■ About this exercise: Below are records; copy every line among them that contains the word "track".

[Input data Boundary: Start]

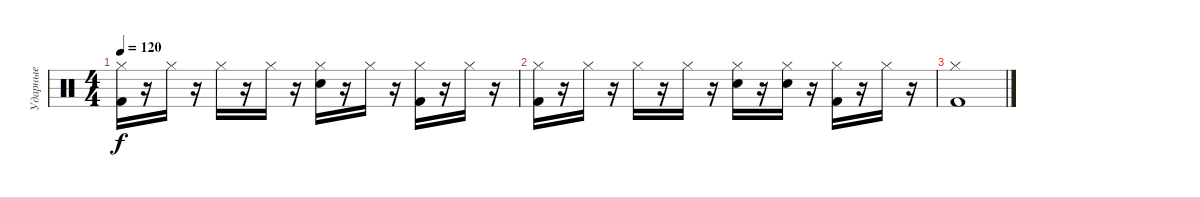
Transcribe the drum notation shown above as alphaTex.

\track ("Ударные" "Ударные") {instrument percussion}
\staff {score}
\articulation defaults
\ts (4 4)
\tempo 120
\clef neutral
\ks c
("Hi-Hat (closed)" "Kick (hit) 2").16{dy f} r.16 "Hi-Hat (closed)".16 r.16 "Hi-Hat (closed)".16 r.16 "Hi-Hat (closed)".16 r.16 ("Hi-Hat (closed)" "Snare (hit) 2").16 r.16 "Hi-Hat (closed)".16 r.16 ("Hi-Hat (closed)" "Kick (hit) 2").16 r.16 "Hi-Hat (closed)".16 r.16 |
("Hi-Hat (closed)" "Kick (hit) 2").16 r.16 "Hi-Hat (closed)".16 r.16 "Hi-Hat (closed)".16 r.16 "Hi-Hat (closed)".16 r.16 ("Hi-Hat (closed)" "Snare (hit) 2").16 r.16 ("Hi-Hat (closed)" "Snare (hit) 2").16 r.16 ("Hi-Hat (closed)" "Kick (hit) 2").16 r.16 "Hi-Hat (closed)".16 r.16 |
("Hi-Hat (closed)" "Kick (hit) 2").1
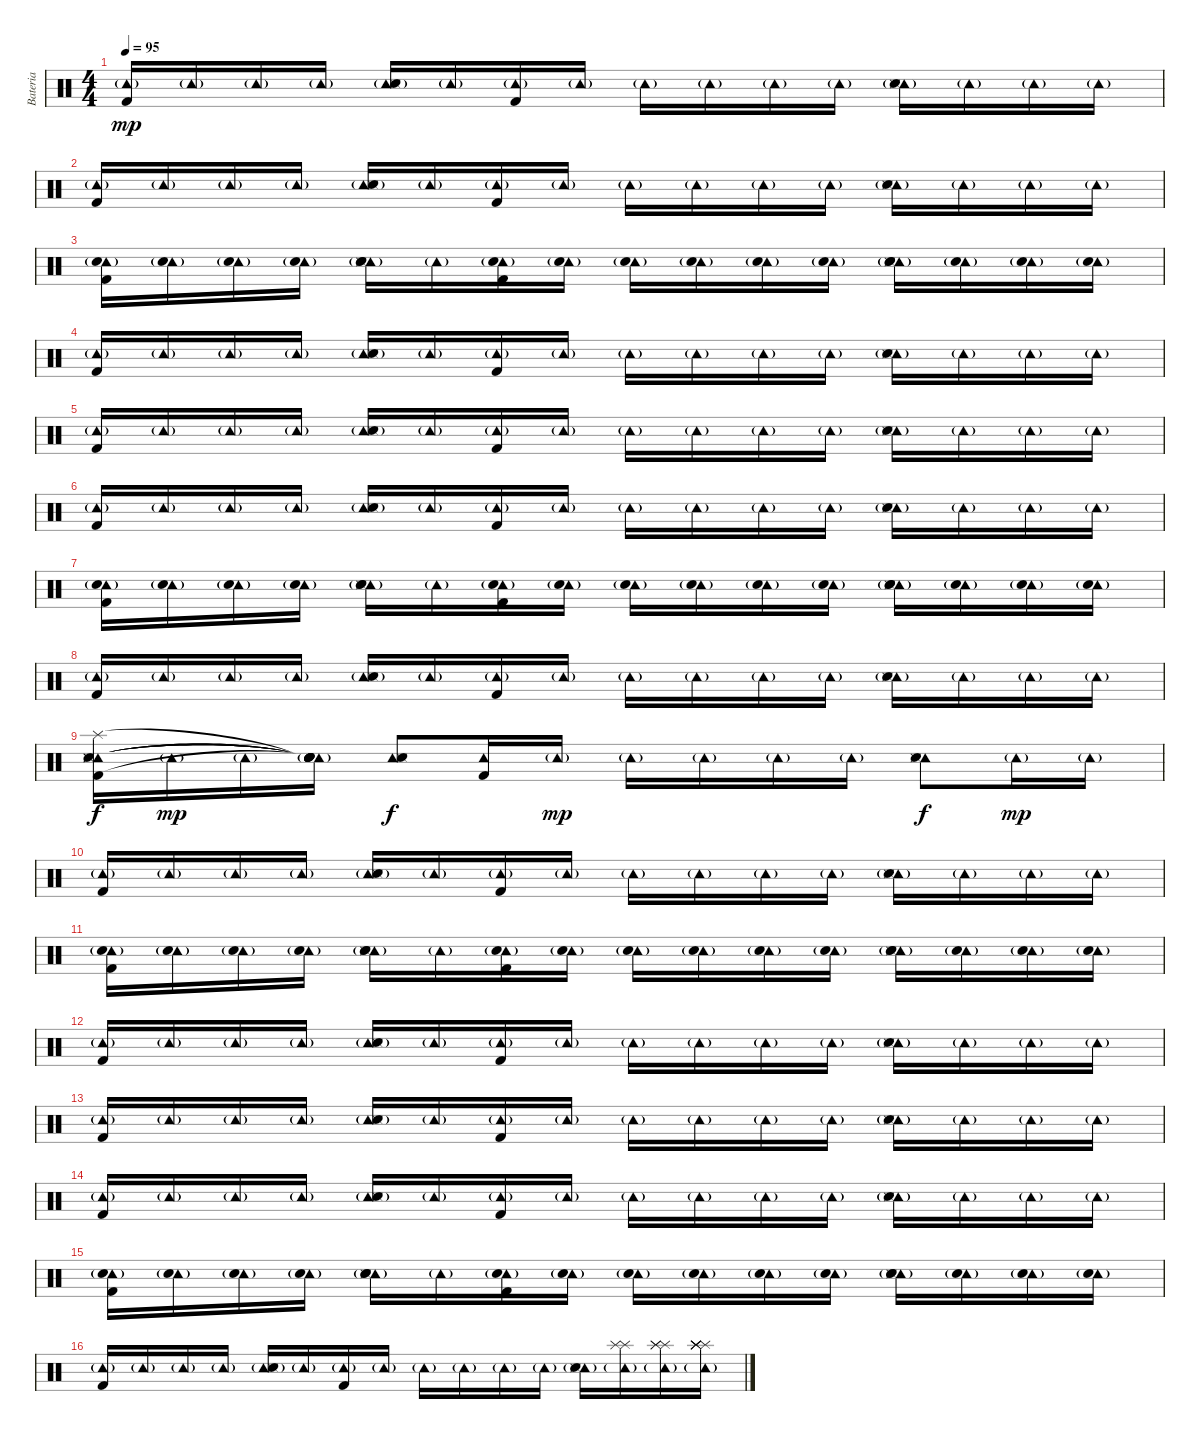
\track ("Bateria" "Bateria") {instrument percussion}
\staff {score}
\articulation defaults
\ts (4 4)
\tempo 95
\clef neutral
\ks c
("Tambourine (hit)"{g} "Kick (hit) 2").16{dy mp} "Tambourine (hit)"{g}.16 "Tambourine (hit)"{g}.16 "Tambourine (hit)"{g}.16 ("Tambourine (hit)"{g} "Snare (side stick) 3" "Snare (hit) 2").16 "Tambourine (hit)"{g}.16 ("Tambourine (hit)"{g} "Kick (hit) 2").16 "Tambourine (hit)"{g}.16 "Tambourine (hit)"{g}.16 "Tambourine (hit)"{g}.16 "Tambourine (hit)"{g}.16 "Tambourine (hit)"{g}.16 ("Tambourine (hit)"{g} "Snare (side stick) 3" "Snare (hit) 2").16 "Tambourine (hit)"{g}.16 "Tambourine (hit)"{g}.16 "Tambourine (hit)"{g}.16 |
("Tambourine (hit)"{g} "Kick (hit) 2").16 "Tambourine (hit)"{g}.16 "Tambourine (hit)"{g}.16 "Tambourine (hit)"{g}.16 ("Tambourine (hit)"{g} "Snare (side stick) 3" "Snare (hit) 2").16 "Tambourine (hit)"{g}.16 ("Tambourine (hit)"{g} "Kick (hit) 2").16 "Tambourine (hit)"{g}.16 "Tambourine (hit)"{g}.16 "Tambourine (hit)"{g}.16 "Tambourine (hit)"{g}.16 "Tambourine (hit)"{g}.16 ("Tambourine (hit)"{g} "Snare (side stick) 3" "Snare (hit) 2").16 "Tambourine (hit)"{g}.16 "Tambourine (hit)"{g}.16 "Tambourine (hit)"{g}.16 |
("Tambourine (hit)"{g} "Hand Clap (hit)" "Kick (hit) 2").16 ("Tambourine (hit)"{g} "Hand Clap (hit)").16 ("Tambourine (hit)"{g} "Hand Clap (hit)").16 ("Tambourine (hit)"{g} "Hand Clap (hit)").16 ("Tambourine (hit)"{g} "Hand Clap (hit)" "Snare (side stick) 3" "Snare (hit) 2").16 "Tambourine (hit)"{g}.16 ("Tambourine (hit)"{g} "Hand Clap (hit)" "Kick (hit) 2").16 ("Tambourine (hit)"{g} "Hand Clap (hit)").16 ("Tambourine (hit)"{g} "Hand Clap (hit)").16 ("Tambourine (hit)"{g} "Hand Clap (hit)").16 ("Tambourine (hit)"{g} "Hand Clap (hit)").16 ("Tambourine (hit)"{g} "Hand Clap (hit)").16 ("Tambourine (hit)"{g} "Hand Clap (hit)" "Snare (side stick) 3" "Snare (hit) 2").16 ("Tambourine (hit)"{g} "Hand Clap (hit)").16 ("Tambourine (hit)"{g} "Hand Clap (hit)").16 ("Tambourine (hit)"{g} "Hand Clap (hit)").16 |
("Tambourine (hit)"{g} "Kick (hit) 2").16 "Tambourine (hit)"{g}.16 "Tambourine (hit)"{g}.16 "Tambourine (hit)"{g}.16 ("Tambourine (hit)"{g} "Snare (side stick) 3" "Snare (hit) 2").16 "Tambourine (hit)"{g}.16 ("Tambourine (hit)"{g} "Kick (hit) 2").16 "Tambourine (hit)"{g}.16 "Tambourine (hit)"{g}.16 "Tambourine (hit)"{g}.16 "Tambourine (hit)"{g}.16 "Tambourine (hit)"{g}.16 ("Tambourine (hit)"{g} "Snare (side stick) 3" "Snare (hit) 2").16 "Tambourine (hit)"{g}.16 "Tambourine (hit)"{g}.16 "Tambourine (hit)"{g}.16 |
("Tambourine (hit)"{g} "Kick (hit) 2").16 "Tambourine (hit)"{g}.16 "Tambourine (hit)"{g}.16 "Tambourine (hit)"{g}.16 ("Tambourine (hit)"{g} "Snare (side stick) 3" "Snare (hit) 2").16 "Tambourine (hit)"{g}.16 ("Tambourine (hit)"{g} "Kick (hit) 2").16 "Tambourine (hit)"{g}.16 "Tambourine (hit)"{g}.16 "Tambourine (hit)"{g}.16 "Tambourine (hit)"{g}.16 "Tambourine (hit)"{g}.16 ("Tambourine (hit)"{g} "Snare (side stick) 3" "Snare (hit) 2").16 "Tambourine (hit)"{g}.16 "Tambourine (hit)"{g}.16 "Tambourine (hit)"{g}.16 |
("Tambourine (hit)"{g} "Kick (hit) 2").16 "Tambourine (hit)"{g}.16 "Tambourine (hit)"{g}.16 "Tambourine (hit)"{g}.16 ("Tambourine (hit)"{g} "Snare (side stick) 3" "Snare (hit) 2").16 "Tambourine (hit)"{g}.16 ("Tambourine (hit)"{g} "Kick (hit) 2").16 "Tambourine (hit)"{g}.16 "Tambourine (hit)"{g}.16 "Tambourine (hit)"{g}.16 "Tambourine (hit)"{g}.16 "Tambourine (hit)"{g}.16 ("Tambourine (hit)"{g} "Snare (side stick) 3" "Snare (hit) 2").16 "Tambourine (hit)"{g}.16 "Tambourine (hit)"{g}.16 "Tambourine (hit)"{g}.16 |
("Tambourine (hit)"{g} "Hand Clap (hit)" "Kick (hit) 2").16 ("Tambourine (hit)"{g} "Hand Clap (hit)").16 ("Tambourine (hit)"{g} "Hand Clap (hit)").16 ("Tambourine (hit)"{g} "Hand Clap (hit)").16 ("Tambourine (hit)"{g} "Hand Clap (hit)" "Snare (side stick) 3" "Snare (hit) 2").16 "Tambourine (hit)"{g}.16 ("Tambourine (hit)"{g} "Hand Clap (hit)" "Kick (hit) 2").16 ("Tambourine (hit)"{g} "Hand Clap (hit)").16 ("Tambourine (hit)"{g} "Hand Clap (hit)").16 ("Tambourine (hit)"{g} "Hand Clap (hit)").16 ("Tambourine (hit)"{g} "Hand Clap (hit)").16 ("Tambourine (hit)"{g} "Hand Clap (hit)").16 ("Tambourine (hit)"{g} "Hand Clap (hit)" "Snare (side stick) 3" "Snare (hit) 2").16 ("Tambourine (hit)"{g} "Hand Clap (hit)").16 ("Tambourine (hit)"{g} "Hand Clap (hit)").16 ("Tambourine (hit)"{g} "Hand Clap (hit)").16 |
("Tambourine (hit)"{g} "Kick (hit) 2").16 "Tambourine (hit)"{g}.16 "Tambourine (hit)"{g}.16 "Tambourine (hit)"{g}.16 ("Tambourine (hit)"{g} "Snare (side stick) 3" "Snare (hit) 2").16 "Tambourine (hit)"{g}.16 ("Tambourine (hit)"{g} "Kick (hit) 2").16 "Tambourine (hit)"{g}.16 "Tambourine (hit)"{g}.16 "Tambourine (hit)"{g}.16 "Tambourine (hit)"{g}.16 "Tambourine (hit)"{g}.16 ("Tambourine (hit)"{g} "Snare (side stick) 3" "Snare (hit) 2").16 "Tambourine (hit)"{g}.16 "Tambourine (hit)"{g}.16 "Tambourine (hit)"{g}.16 |
("Tambourine (hit)" "Snare (side stick) 3" "Snare (side stick) 3" "Snare (hit) 2" "Splash (hit)" "Kick (hit) 2").16{dy f} "Tambourine (hit)"{g}.16{dy mp} "Tambourine (hit)"{g}.16 ("Tambourine (hit)"{g} "Snare (hit)"{t} "Snare (hit)"{t} "Snare (hit)"{t} "Snare (hit)"{t} "Snare (hit)"{t}).16 ("Tambourine (hit)" "Snare (side stick) 3" "Snare (hit) 2").8{dy f} ("Tambourine (hit)" "Kick (hit) 2").16 "Tambourine (hit)"{g}.16{dy mp} "Tambourine (hit)"{g}.16 "Tambourine (hit)"{g}.16 "Tambourine (hit)"{g}.16 "Tambourine (hit)"{g}.16 ("Tambourine (hit)" "Snare (side stick) 3" "Snare (hit) 2").8{dy f} "Tambourine (hit)"{g}.16{dy mp} "Tambourine (hit)"{g}.16 |
("Tambourine (hit)"{g} "Kick (hit) 2").16 "Tambourine (hit)"{g}.16 "Tambourine (hit)"{g}.16 "Tambourine (hit)"{g}.16 ("Tambourine (hit)"{g} "Snare (side stick) 3" "Snare (hit) 2").16 "Tambourine (hit)"{g}.16 ("Tambourine (hit)"{g} "Kick (hit) 2").16 "Tambourine (hit)"{g}.16 "Tambourine (hit)"{g}.16 "Tambourine (hit)"{g}.16 "Tambourine (hit)"{g}.16 "Tambourine (hit)"{g}.16 ("Tambourine (hit)"{g} "Snare (side stick) 3" "Snare (hit) 2").16 "Tambourine (hit)"{g}.16 "Tambourine (hit)"{g}.16 "Tambourine (hit)"{g}.16 |
("Tambourine (hit)"{g} "Hand Clap (hit)" "Kick (hit) 2").16 ("Tambourine (hit)"{g} "Hand Clap (hit)").16 ("Tambourine (hit)"{g} "Hand Clap (hit)").16 ("Tambourine (hit)"{g} "Hand Clap (hit)").16 ("Tambourine (hit)"{g} "Hand Clap (hit)" "Snare (side stick) 3" "Snare (hit) 2").16 "Tambourine (hit)"{g}.16 ("Tambourine (hit)"{g} "Hand Clap (hit)" "Kick (hit) 2").16 ("Tambourine (hit)"{g} "Hand Clap (hit)").16 ("Tambourine (hit)"{g} "Hand Clap (hit)").16 ("Tambourine (hit)"{g} "Hand Clap (hit)").16 ("Tambourine (hit)"{g} "Hand Clap (hit)").16 ("Tambourine (hit)"{g} "Hand Clap (hit)").16 ("Tambourine (hit)"{g} "Hand Clap (hit)" "Snare (side stick) 3" "Snare (hit) 2").16 ("Tambourine (hit)"{g} "Hand Clap (hit)").16 ("Tambourine (hit)"{g} "Hand Clap (hit)").16 ("Tambourine (hit)"{g} "Hand Clap (hit)").16 |
("Tambourine (hit)"{g} "Kick (hit) 2").16 "Tambourine (hit)"{g}.16 "Tambourine (hit)"{g}.16 "Tambourine (hit)"{g}.16 ("Tambourine (hit)"{g} "Snare (side stick) 3" "Snare (hit) 2").16 "Tambourine (hit)"{g}.16 ("Tambourine (hit)"{g} "Kick (hit) 2").16 "Tambourine (hit)"{g}.16 "Tambourine (hit)"{g}.16 "Tambourine (hit)"{g}.16 "Tambourine (hit)"{g}.16 "Tambourine (hit)"{g}.16 ("Tambourine (hit)"{g} "Snare (side stick) 3" "Snare (hit) 2").16 "Tambourine (hit)"{g}.16 "Tambourine (hit)"{g}.16 "Tambourine (hit)"{g}.16 |
("Tambourine (hit)"{g} "Kick (hit) 2").16 "Tambourine (hit)"{g}.16 "Tambourine (hit)"{g}.16 "Tambourine (hit)"{g}.16 ("Tambourine (hit)"{g} "Snare (side stick) 3" "Snare (hit) 2").16 "Tambourine (hit)"{g}.16 ("Tambourine (hit)"{g} "Kick (hit) 2").16 "Tambourine (hit)"{g}.16 "Tambourine (hit)"{g}.16 "Tambourine (hit)"{g}.16 "Tambourine (hit)"{g}.16 "Tambourine (hit)"{g}.16 ("Tambourine (hit)"{g} "Snare (side stick) 3" "Snare (hit) 2").16 "Tambourine (hit)"{g}.16 "Tambourine (hit)"{g}.16 "Tambourine (hit)"{g}.16 |
("Tambourine (hit)"{g} "Kick (hit) 2").16 "Tambourine (hit)"{g}.16 "Tambourine (hit)"{g}.16 "Tambourine (hit)"{g}.16 ("Tambourine (hit)"{g} "Snare (side stick) 3" "Snare (hit) 2").16 "Tambourine (hit)"{g}.16 ("Tambourine (hit)"{g} "Kick (hit) 2").16 "Tambourine (hit)"{g}.16 "Tambourine (hit)"{g}.16 "Tambourine (hit)"{g}.16 "Tambourine (hit)"{g}.16 "Tambourine (hit)"{g}.16 ("Tambourine (hit)"{g} "Snare (side stick) 3" "Snare (hit) 2").16 "Tambourine (hit)"{g}.16 "Tambourine (hit)"{g}.16 "Tambourine (hit)"{g}.16 |
("Tambourine (hit)"{g} "Hand Clap (hit)" "Kick (hit) 2").16 ("Tambourine (hit)"{g} "Hand Clap (hit)").16 ("Tambourine (hit)"{g} "Hand Clap (hit)").16 ("Tambourine (hit)"{g} "Hand Clap (hit)").16 ("Tambourine (hit)"{g} "Hand Clap (hit)" "Snare (side stick) 3" "Snare (hit) 2").16 "Tambourine (hit)"{g}.16 ("Tambourine (hit)"{g} "Hand Clap (hit)" "Kick (hit) 2").16 ("Tambourine (hit)"{g} "Hand Clap (hit)").16 ("Tambourine (hit)"{g} "Hand Clap (hit)").16 ("Tambourine (hit)"{g} "Hand Clap (hit)").16 ("Tambourine (hit)"{g} "Hand Clap (hit)").16 ("Tambourine (hit)"{g} "Hand Clap (hit)").16 ("Tambourine (hit)"{g} "Hand Clap (hit)" "Snare (side stick) 3" "Snare (hit) 2").16 ("Tambourine (hit)"{g} "Hand Clap (hit)").16 ("Tambourine (hit)"{g} "Hand Clap (hit)").16 ("Tambourine (hit)"{g} "Hand Clap (hit)").16 |
("Tambourine (hit)"{g} "Kick (hit) 2").16 "Tambourine (hit)"{g}.16 "Tambourine (hit)"{g}.16 "Tambourine (hit)"{g}.16 ("Tambourine (hit)"{g} "Snare (side stick) 3" "Snare (hit) 2").16 "Tambourine (hit)"{g}.16 ("Tambourine (hit)"{g} "Kick (hit) 2").16 "Tambourine (hit)"{g}.16 "Tambourine (hit)"{g}.16 "Tambourine (hit)"{g}.16 "Tambourine (hit)"{g}.16 "Tambourine (hit)"{g}.16 ("Tambourine (hit)"{g} "Snare (side stick) 3" "Snare (hit) 2").16 ("Tambourine (hit)"{g} "Splash (hit)" "Splash (hit)").16 ("Tambourine (hit)"{g} "Splash (hit)" "Splash (hit)" "Splash (hit)").16 ("Tambourine (hit)"{g} "Splash (hit)" "Splash (hit)" "Splash (hit)" "Splash (hit)" "Splash (hit)").16

[Input data Boundary: End]

■ Task result:
\track ("Ударные" "Ударные") {instrument percussion}
\track ("Bateria" "Bateria") {instrument percussion}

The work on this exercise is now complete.